Grizzly: My Life and Times in Cricket
Martin Chandler |Published: 2015
Pages: 288
Author: Adams, Chris
Publisher: Pitch Publishing
Rating: 4.5 stars
There is always going to be the exception that proves the rule, but time and again I find that cricketing autobiographies of the recently retired are much more interesting if they concern the careers of those who don’t quite reach the top, rather than those who have had years of international cricket. Chris ‘Grizzly’ Adams is a perfect example and this book, written with the assistance of Bruce Talbot, is a fine read.
I have often wondered why books like this tend to be so much better, and have come up with a few ideas over the years. One is that I suspect the big star, with greater demands on his time, simply has fewer hours to spend with his ‘ghost’, the result being a less than rounded account. The novelty of the stories the author has to tell are a factor as well. A major star will have played in many well known Tests, so it may well be that little of the cricketing content is actually new. Adams only played in five Tests, so his international career is not the most substantial part of the book. That is in stark contrast with his county career. There were no central contracts when Adams started, but the influence of the leading players in the County Championship was already on the wane, so there are very many stories in this book that are decidedly unfamiliar.
How good a batsman was Chris Adams? Better than his haul of five Test caps suggests has always been my view. Had Adams been born a Londoner, or perhaps a Yorkshireman, and played for a ‘fashionable’ county then there can be little doubt there would have been more caps. He admits there was the occasional error of judgment in things he said or did along the way, but it is difficult to avoid the conclusion that never having played for the right county was as big a factor as any in that truncated career.
It can’t have helped that those five Tests were particularly tough ones. All were in South Africa, and England were 2-4 in the third over when Adams faced his first delivery in Test cricket. As his opening chapter explains he hung around for an hour, but too often in the series Adams made a start without going on, and his Test career ended when he was dismissed for just a single in the now discredited run chase at Centurion in the final match of the series.
The story of Adams’ rise and fall at his first county, Derbyshire, is illuminating. That of his move to Sussex and his captaining the Martlets to their first Championships is exhilarating. The frankness of the account is particularly striking. The good feelings when he did well, the frustrations when things didn’t go so well, and where, when things went wrong, he believes he made his mistakes.
It probably helps that, despite his having a fine record against Lancashire, I have always liked Chris Adams. But I certainly felt by the time I had finished his book that he had had a raw deal from the England hierarchy, and was treated rather shabbily by Derbyshire and Surrey, the county who he coached after his playing career ended following the conclusion of the 2008 summer. Adams is honest about his feelings, and always willing to express regret where he feels, on reflection he made mistakes. In addition Adams doesn’t shy away from the tragic events of the death of his young Sussex teammate Umer Rashid, and that of his enormously talented and popular young charge at Surrey, Tom Maynard.

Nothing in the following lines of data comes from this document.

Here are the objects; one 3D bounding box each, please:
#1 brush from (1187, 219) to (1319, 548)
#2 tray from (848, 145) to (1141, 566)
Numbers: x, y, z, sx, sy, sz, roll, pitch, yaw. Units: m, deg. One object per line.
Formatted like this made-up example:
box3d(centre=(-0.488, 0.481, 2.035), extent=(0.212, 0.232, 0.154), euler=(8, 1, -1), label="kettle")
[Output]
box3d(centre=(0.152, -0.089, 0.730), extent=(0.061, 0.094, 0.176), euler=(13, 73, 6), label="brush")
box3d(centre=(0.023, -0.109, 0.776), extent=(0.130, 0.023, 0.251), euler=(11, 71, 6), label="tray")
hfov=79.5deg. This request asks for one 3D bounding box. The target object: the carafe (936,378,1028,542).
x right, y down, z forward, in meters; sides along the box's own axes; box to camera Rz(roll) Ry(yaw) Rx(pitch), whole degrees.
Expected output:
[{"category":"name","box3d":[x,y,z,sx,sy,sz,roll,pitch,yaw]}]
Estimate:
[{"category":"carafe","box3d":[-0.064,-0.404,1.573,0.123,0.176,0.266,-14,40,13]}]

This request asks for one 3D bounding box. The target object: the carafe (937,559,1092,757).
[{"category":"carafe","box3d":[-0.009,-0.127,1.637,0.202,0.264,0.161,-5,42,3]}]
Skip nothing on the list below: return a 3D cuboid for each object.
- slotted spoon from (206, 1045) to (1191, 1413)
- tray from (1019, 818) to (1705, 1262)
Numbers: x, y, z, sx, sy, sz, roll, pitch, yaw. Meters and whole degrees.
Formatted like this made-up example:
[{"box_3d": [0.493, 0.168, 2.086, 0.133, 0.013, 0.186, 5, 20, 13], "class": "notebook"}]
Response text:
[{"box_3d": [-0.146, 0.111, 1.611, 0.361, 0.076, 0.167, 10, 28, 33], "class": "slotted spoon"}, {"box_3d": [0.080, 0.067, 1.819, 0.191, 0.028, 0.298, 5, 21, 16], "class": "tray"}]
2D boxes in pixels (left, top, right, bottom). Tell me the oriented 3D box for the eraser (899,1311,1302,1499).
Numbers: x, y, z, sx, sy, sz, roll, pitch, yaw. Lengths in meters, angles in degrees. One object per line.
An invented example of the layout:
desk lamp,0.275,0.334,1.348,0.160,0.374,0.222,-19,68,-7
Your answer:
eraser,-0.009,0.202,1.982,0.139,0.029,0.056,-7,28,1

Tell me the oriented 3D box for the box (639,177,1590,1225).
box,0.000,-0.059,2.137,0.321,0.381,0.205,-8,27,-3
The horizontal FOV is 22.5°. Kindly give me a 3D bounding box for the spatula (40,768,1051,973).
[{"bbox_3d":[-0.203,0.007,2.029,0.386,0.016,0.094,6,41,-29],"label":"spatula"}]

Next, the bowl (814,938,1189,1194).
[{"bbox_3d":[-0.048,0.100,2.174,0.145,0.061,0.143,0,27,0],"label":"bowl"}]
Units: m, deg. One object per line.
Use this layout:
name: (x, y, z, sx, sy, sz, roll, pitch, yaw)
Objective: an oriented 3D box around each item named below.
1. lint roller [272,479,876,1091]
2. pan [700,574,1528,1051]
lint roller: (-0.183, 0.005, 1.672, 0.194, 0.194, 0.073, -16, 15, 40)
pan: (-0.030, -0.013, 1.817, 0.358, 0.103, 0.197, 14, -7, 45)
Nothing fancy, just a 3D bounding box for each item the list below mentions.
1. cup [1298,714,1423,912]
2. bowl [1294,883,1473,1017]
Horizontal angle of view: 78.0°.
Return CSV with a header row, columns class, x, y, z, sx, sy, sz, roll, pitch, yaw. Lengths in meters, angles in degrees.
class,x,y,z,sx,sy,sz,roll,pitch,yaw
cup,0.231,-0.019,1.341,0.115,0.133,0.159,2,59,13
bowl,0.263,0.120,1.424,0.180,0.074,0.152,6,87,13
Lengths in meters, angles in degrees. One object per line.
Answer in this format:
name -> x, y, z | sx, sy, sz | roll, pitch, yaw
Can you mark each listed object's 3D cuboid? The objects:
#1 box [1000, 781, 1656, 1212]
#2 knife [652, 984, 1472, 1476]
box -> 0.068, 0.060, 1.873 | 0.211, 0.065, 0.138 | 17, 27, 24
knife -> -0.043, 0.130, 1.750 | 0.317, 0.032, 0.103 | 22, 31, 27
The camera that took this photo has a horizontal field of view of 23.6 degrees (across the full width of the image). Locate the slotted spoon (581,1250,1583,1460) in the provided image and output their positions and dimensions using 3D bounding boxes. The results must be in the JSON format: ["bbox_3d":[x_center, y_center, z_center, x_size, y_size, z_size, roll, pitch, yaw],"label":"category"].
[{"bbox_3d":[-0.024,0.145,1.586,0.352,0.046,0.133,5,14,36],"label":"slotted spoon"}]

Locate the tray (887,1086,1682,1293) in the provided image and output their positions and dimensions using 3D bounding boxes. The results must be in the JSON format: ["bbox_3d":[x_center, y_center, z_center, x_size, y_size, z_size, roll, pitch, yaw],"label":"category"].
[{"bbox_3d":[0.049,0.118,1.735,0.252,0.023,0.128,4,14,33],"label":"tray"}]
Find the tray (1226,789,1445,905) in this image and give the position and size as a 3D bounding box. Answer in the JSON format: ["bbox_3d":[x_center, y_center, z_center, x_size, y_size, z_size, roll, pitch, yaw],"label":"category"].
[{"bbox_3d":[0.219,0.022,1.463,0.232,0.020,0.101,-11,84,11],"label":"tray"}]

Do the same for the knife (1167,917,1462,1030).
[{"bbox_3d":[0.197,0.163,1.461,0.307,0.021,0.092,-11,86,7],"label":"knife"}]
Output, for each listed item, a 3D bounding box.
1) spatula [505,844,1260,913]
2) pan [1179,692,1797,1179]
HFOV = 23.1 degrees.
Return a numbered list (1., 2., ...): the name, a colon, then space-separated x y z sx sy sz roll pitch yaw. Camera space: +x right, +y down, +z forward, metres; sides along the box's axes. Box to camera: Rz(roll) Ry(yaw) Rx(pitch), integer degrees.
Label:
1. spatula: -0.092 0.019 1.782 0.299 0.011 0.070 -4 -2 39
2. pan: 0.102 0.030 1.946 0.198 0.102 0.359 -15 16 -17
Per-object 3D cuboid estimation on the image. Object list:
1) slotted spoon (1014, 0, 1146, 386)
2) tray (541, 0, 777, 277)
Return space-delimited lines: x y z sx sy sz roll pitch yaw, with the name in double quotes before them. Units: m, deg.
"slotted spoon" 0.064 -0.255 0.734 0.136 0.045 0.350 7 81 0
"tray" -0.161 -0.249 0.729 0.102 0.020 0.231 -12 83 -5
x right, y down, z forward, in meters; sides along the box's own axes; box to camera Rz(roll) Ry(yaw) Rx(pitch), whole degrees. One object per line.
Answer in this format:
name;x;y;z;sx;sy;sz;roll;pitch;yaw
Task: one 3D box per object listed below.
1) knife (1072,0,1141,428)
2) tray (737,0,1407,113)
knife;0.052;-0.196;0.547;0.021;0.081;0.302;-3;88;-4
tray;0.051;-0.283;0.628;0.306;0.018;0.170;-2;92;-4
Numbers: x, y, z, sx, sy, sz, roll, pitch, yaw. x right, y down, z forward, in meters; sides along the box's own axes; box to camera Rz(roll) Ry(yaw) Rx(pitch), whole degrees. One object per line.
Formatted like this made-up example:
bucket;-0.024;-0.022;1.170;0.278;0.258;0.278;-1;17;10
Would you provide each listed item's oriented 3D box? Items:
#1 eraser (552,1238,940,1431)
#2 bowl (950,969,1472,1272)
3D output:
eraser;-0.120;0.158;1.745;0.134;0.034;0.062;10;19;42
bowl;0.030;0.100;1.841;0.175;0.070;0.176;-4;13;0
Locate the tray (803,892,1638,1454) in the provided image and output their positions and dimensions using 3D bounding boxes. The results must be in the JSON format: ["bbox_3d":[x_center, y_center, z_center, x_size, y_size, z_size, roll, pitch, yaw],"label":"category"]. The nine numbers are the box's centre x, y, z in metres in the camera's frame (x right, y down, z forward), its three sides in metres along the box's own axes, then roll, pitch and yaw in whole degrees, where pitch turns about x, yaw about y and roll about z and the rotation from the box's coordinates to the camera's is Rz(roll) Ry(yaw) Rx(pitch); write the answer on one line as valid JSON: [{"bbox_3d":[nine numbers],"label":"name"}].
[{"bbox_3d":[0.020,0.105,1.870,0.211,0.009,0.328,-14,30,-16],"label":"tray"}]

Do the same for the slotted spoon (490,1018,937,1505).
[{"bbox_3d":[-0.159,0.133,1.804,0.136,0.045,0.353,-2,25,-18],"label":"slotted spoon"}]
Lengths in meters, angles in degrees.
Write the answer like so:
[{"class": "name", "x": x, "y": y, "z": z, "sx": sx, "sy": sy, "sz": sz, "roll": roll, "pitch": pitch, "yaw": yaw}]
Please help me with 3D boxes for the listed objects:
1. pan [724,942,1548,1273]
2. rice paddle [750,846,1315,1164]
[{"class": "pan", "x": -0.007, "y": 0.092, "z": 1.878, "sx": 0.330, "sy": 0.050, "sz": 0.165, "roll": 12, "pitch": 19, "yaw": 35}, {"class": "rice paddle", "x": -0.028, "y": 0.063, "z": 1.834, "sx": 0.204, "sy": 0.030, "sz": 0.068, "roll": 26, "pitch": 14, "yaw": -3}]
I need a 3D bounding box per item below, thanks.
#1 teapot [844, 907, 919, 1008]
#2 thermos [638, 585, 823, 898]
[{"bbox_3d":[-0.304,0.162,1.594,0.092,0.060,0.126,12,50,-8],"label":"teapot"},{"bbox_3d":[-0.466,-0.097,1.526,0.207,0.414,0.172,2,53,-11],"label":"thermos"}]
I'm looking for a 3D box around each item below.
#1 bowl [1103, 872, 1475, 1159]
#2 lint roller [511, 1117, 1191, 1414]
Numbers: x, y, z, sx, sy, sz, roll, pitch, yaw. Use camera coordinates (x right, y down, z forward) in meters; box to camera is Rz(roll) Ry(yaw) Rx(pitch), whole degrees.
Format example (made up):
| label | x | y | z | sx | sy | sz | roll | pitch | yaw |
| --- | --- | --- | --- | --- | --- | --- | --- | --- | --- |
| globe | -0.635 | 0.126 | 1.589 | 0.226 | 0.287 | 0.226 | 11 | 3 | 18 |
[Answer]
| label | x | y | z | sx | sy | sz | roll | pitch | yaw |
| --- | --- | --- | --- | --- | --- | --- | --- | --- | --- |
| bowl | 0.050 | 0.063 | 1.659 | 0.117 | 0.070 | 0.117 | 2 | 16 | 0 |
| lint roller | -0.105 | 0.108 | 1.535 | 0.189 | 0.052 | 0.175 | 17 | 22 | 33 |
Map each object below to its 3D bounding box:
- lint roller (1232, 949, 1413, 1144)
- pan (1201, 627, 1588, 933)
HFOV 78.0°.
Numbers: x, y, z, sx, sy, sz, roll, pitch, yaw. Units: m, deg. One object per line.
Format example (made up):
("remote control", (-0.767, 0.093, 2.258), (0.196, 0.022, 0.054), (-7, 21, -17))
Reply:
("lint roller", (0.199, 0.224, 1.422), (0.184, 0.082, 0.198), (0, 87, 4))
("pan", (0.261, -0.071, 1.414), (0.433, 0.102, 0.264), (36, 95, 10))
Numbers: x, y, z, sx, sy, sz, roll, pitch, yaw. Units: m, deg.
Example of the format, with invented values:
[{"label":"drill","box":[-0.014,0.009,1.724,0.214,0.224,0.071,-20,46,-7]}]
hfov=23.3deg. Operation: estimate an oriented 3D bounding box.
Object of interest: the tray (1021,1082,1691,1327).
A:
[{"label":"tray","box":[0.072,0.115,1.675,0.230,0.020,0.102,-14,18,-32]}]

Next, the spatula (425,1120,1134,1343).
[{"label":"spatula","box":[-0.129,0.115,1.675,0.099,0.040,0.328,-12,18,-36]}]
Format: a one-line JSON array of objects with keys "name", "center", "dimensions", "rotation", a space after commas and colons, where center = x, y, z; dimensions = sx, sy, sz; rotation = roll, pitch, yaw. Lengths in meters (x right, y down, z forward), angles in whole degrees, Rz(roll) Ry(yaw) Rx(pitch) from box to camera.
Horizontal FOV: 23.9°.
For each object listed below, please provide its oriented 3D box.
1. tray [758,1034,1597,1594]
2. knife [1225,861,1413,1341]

Although Chris Adams gets a good deal of sympathy from me I do bear in mind, as does he, that there were many positives. Whatever might have gone wrong in his life, and as noted there were some genuine tragedies, he did still spend two decades playing cricket for a living and did so successfully and without having to spend much time on the treatment table. So in truth Grizzly: My Life and Times in Cricket is a celebration of a live well lived, and is a story that is remarkably well written. It is highly recommended.